### WHAT THE TASK REQUIRES
Beginning with the first line below, please restate each line exactly, down to and including the line containing "- cardboard box [487,454,525,576]".

### DATA SHOWN
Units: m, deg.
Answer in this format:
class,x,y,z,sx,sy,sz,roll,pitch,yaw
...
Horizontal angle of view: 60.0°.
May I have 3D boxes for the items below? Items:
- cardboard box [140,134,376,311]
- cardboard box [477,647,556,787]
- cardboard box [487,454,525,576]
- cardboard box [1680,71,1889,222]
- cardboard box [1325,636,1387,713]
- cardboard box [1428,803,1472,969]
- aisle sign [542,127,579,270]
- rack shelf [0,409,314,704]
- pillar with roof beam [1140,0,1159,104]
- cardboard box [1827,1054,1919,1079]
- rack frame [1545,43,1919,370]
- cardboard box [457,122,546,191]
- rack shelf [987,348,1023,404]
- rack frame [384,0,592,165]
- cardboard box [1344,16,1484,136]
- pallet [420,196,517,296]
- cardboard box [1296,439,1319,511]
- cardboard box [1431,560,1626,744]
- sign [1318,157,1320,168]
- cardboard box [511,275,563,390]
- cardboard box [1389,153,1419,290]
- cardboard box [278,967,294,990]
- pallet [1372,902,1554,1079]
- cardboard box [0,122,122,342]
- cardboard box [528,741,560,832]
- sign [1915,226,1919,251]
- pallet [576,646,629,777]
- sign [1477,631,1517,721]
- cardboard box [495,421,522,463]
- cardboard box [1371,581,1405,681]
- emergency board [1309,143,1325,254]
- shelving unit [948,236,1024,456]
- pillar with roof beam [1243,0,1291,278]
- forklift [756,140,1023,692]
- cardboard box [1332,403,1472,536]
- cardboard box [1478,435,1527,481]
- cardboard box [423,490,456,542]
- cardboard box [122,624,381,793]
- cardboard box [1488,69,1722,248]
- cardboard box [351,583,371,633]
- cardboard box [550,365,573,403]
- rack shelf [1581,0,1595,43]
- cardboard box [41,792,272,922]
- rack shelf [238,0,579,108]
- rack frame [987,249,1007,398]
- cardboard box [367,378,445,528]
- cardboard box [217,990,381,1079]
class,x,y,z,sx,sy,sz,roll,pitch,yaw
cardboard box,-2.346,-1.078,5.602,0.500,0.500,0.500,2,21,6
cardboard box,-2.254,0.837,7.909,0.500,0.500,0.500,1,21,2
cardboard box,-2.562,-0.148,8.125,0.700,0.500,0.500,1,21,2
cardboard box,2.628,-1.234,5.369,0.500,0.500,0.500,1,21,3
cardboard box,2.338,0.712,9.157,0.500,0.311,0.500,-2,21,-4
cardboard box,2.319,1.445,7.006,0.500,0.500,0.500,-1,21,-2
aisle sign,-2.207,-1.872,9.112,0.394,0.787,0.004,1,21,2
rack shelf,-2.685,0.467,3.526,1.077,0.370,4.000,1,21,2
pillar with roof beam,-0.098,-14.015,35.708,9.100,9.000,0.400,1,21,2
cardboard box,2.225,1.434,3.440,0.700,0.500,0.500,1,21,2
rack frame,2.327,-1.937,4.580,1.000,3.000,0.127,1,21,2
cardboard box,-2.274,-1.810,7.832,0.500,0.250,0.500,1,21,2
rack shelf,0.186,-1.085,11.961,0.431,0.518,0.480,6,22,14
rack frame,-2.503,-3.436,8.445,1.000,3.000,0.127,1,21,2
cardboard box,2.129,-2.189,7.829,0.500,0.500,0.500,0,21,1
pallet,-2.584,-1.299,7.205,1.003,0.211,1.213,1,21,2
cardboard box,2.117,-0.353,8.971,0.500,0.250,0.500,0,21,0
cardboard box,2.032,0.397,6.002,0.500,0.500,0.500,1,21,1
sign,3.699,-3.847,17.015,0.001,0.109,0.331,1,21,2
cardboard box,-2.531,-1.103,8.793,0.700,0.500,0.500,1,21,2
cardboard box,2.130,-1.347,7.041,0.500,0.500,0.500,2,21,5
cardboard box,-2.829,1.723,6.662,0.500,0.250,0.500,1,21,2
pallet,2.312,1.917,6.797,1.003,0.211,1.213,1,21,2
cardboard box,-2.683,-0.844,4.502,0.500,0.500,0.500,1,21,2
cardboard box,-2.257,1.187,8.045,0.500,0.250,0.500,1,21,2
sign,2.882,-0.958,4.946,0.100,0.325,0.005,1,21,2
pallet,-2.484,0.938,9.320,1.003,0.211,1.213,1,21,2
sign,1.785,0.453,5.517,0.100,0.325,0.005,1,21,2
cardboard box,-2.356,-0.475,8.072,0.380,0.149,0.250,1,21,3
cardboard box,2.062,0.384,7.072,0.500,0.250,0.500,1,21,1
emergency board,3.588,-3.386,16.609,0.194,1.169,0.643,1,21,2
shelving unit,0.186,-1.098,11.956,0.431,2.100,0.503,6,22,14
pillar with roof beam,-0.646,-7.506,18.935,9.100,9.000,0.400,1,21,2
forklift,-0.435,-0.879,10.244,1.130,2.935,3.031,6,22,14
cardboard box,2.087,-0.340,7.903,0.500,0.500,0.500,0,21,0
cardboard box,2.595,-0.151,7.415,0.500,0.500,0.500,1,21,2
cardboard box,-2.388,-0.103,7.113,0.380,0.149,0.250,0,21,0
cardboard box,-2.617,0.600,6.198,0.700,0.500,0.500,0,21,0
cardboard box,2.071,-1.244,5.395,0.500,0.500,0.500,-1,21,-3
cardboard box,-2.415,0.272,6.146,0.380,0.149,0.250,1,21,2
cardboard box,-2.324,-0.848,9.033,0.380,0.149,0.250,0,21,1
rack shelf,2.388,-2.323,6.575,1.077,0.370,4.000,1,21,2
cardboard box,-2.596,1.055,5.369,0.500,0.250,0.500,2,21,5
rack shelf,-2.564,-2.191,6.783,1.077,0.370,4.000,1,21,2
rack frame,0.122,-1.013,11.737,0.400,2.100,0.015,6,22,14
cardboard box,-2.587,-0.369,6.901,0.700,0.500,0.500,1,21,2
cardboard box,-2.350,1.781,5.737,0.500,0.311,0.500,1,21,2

### WORKED SOLUTION
Units: m, deg.
Answer in this format:
class,x,y,z,sx,sy,sz,roll,pitch,yaw
...
Horizontal angle of view: 60.0°.
May I have 3D boxes for the items below? Items:
- cardboard box [140,134,376,311]
- cardboard box [477,647,556,787]
- cardboard box [487,454,525,576]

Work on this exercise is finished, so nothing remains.